Ozone exposure induces the activation of leaf senescence-related processes and morphological and growth changes in seedlings of Mediterranean tree species

Four Mediterranean tree taxa, Quercus ilex subsp. ilex, Quercus ilex subsp. ballota, Olea europaea cv. vulgaris and Ceratonia siliqua, were exposed to different ozone (O3) concentrations in open top chambers (OTCs) during 2 years. Three treatments were applied: charcoal-filtered air (CF), non-filtered air (NF) and non-filtered air plus 40 ppbv of O3 (NF+). The photochemical maximal efficiency, Fv/Fm, decreased in NF+ plants during the second year of exposure, especially during the most stressful Mediterranean seasons (winter and summer). An increase of δ13C was found in three of the four studied species during the first year of exposure. This finding was only maintained in C. siliqua during the second year. Decreases in the chlorophyll content were detected during the first year of fumigations in all the species studied, but not during the second year.
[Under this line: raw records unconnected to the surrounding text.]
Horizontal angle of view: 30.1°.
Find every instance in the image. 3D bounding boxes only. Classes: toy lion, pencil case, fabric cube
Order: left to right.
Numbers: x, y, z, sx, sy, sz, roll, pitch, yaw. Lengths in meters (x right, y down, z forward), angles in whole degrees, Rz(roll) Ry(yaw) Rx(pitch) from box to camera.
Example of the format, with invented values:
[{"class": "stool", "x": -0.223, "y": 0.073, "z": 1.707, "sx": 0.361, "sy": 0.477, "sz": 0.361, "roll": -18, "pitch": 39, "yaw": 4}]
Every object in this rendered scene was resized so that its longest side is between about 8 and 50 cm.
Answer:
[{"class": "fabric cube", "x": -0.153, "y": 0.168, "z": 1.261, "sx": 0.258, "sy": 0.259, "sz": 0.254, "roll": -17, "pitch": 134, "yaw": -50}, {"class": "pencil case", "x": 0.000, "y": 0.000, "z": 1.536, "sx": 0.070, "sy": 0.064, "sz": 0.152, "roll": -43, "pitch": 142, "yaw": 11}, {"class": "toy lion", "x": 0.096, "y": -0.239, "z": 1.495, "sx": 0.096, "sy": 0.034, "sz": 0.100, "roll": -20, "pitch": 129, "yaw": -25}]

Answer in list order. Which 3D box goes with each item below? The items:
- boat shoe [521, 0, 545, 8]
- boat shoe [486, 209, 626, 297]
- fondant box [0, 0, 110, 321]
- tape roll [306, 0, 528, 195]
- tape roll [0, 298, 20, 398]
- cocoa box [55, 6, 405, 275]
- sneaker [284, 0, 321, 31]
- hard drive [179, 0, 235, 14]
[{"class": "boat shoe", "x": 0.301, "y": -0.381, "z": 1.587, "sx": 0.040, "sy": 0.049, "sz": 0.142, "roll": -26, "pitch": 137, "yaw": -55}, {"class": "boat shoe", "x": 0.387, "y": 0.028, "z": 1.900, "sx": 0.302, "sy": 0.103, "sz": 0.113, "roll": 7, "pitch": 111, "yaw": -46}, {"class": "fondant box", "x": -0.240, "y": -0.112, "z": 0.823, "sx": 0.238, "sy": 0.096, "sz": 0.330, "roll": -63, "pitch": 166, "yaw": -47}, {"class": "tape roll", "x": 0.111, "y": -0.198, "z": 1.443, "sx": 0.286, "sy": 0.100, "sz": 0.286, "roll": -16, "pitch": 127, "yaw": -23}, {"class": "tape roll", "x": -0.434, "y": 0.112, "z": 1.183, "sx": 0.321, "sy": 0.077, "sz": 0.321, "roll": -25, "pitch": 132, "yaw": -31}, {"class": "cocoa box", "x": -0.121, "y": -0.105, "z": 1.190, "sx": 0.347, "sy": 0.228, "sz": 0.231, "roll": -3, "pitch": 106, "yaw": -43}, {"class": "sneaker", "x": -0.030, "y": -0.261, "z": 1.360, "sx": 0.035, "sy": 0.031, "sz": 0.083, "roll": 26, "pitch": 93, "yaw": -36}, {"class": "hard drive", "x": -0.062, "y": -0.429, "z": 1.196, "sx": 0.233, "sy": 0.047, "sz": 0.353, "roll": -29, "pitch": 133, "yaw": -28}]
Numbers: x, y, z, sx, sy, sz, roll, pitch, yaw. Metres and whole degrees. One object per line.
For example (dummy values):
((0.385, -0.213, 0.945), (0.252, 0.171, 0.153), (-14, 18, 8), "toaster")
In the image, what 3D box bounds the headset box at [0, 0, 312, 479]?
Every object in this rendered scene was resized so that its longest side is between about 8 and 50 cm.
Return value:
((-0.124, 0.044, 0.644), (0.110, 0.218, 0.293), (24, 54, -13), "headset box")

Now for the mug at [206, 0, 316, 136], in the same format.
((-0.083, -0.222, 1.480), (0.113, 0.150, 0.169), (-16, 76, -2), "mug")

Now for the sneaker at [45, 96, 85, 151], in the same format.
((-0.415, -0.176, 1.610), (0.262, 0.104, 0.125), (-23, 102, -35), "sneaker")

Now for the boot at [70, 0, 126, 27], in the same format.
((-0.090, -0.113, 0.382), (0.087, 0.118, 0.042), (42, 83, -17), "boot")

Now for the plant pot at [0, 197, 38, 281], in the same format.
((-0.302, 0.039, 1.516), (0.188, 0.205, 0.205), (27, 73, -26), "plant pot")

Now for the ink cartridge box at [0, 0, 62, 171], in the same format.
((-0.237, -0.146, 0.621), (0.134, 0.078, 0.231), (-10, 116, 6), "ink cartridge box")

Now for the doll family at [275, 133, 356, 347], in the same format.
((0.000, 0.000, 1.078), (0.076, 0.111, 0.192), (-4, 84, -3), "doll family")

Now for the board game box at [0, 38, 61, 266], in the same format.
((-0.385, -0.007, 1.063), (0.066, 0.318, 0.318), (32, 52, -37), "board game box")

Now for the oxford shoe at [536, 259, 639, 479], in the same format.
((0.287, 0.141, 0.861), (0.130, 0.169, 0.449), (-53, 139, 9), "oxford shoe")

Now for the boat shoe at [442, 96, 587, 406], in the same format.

The NF+ treatment induced changes in foliar anatomical characteristics, especially in leaf mass per area (LMA) and spongy parenchyma thickness, which increased in some species. A reduction in N content and an increase in δ15N were found in all species during the second year when exposed in the NF+ OTCs, suggesting a change in their retranslocation pattern linked to an acceleration of leaf senescence, as also indicated by the above mentioned biochemical and anatomical foliar changes. The two Q. ilex subspecies were the most sensitive species since the changes in N concentration, δ15N, chlorophyll, leaf area, LMA and biomass occurred at ambient O3 concentrations. However, C. siliqua was the most responsive species (29% biomass reduction) when exposed to the NF+ treatment, followed by the two Q. ilex subspecies (14–20%) and O. europaea (no significant reduction). Ozone resistance of the latter species was linked to some plant traits such as chlorophyll concentrations, or spongy parenchyma thickness.